A detailed study has been carried out to investigate the changes taking place in the electrodes of a direct methanol fuel cell (DMFC) upon their exposure to the hydrogen gas that is electrochemically evolved in situ in the electrodes. It is found that the individual, as well as the combined, H2 evolution treatment of both the anode and the cathode for a short amount of time causes a substantial improvement in the cell performance, which is attributed to their improved catalytic activities. The exposure of Pt and PtRu catalysts to evolved H2 is beneficial in reducing the surface oxides that are formed during DMFC operation.

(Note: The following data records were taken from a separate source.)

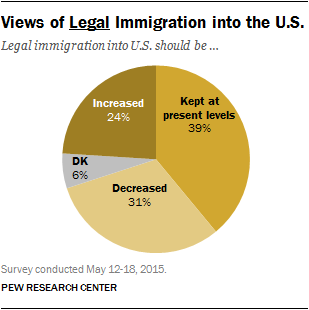Draw attention to some important aspects in this diagram. The value of the largest segment is not 31%. The ratio of the two smallest segments is 1:4, and the answer is yes. 
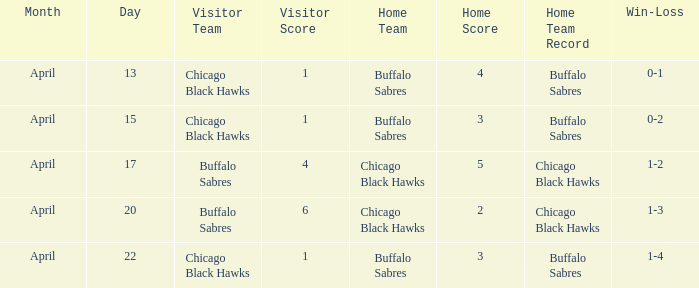Name the Visitor that has a Home of chicago black hawks on april 20? Buffalo Sabres. 
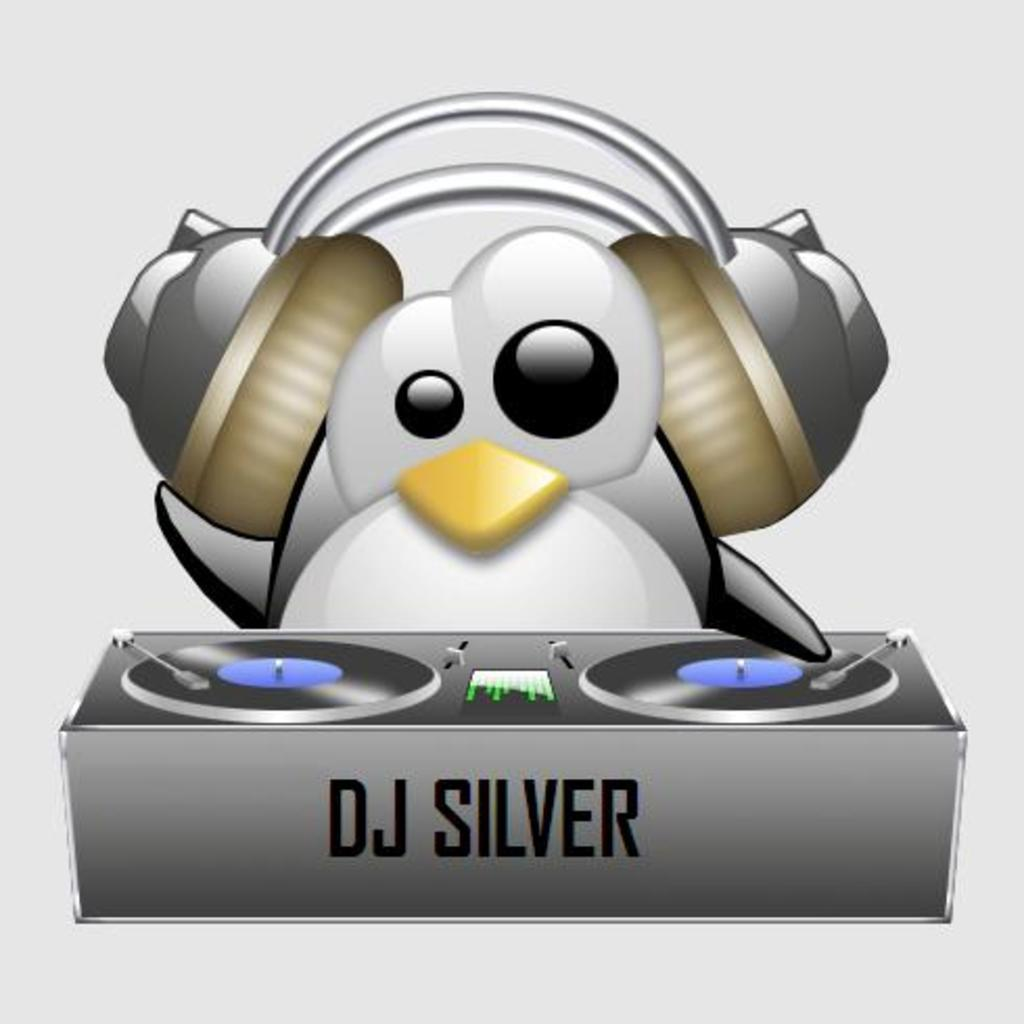What type of picture is in the image? There is a cartoon picture in the image. What device is visible in the image? There is a DJ device in the image. What is the DJ using to listen to music in the image? There is a headset in the image. What color is the background of the image? The background of the image is white. What type of food is being served on the floor in the image? There is no food or floor present in the image; it features a cartoon picture, a headset, and a DJ device with a white background.

The performance losses originating from the catalyst oxidation in a continuous operation are successfully recovered by the H2 evolution method, and the DMFC has experienced a voltage loss of only 15mV during a 1383h durability test. These results show the effectiveness of using the H2 evolution method to reduce catalyst oxides and recover the performance losses of a DMFC. Various physical and electrochemical analyses are carried out to fully understand the mechanism and the consequences of the H2 evolution treatment in DMFCs.

Suggested Citation

  • Mehmood, Asad & Ha, Heung Yong, 2014. "Performance restoration of direct methanol fuel cells in long-term operation using a hydrogen evolution method," Applied Energy, Elsevier, vol. 114(C), pages 164-171.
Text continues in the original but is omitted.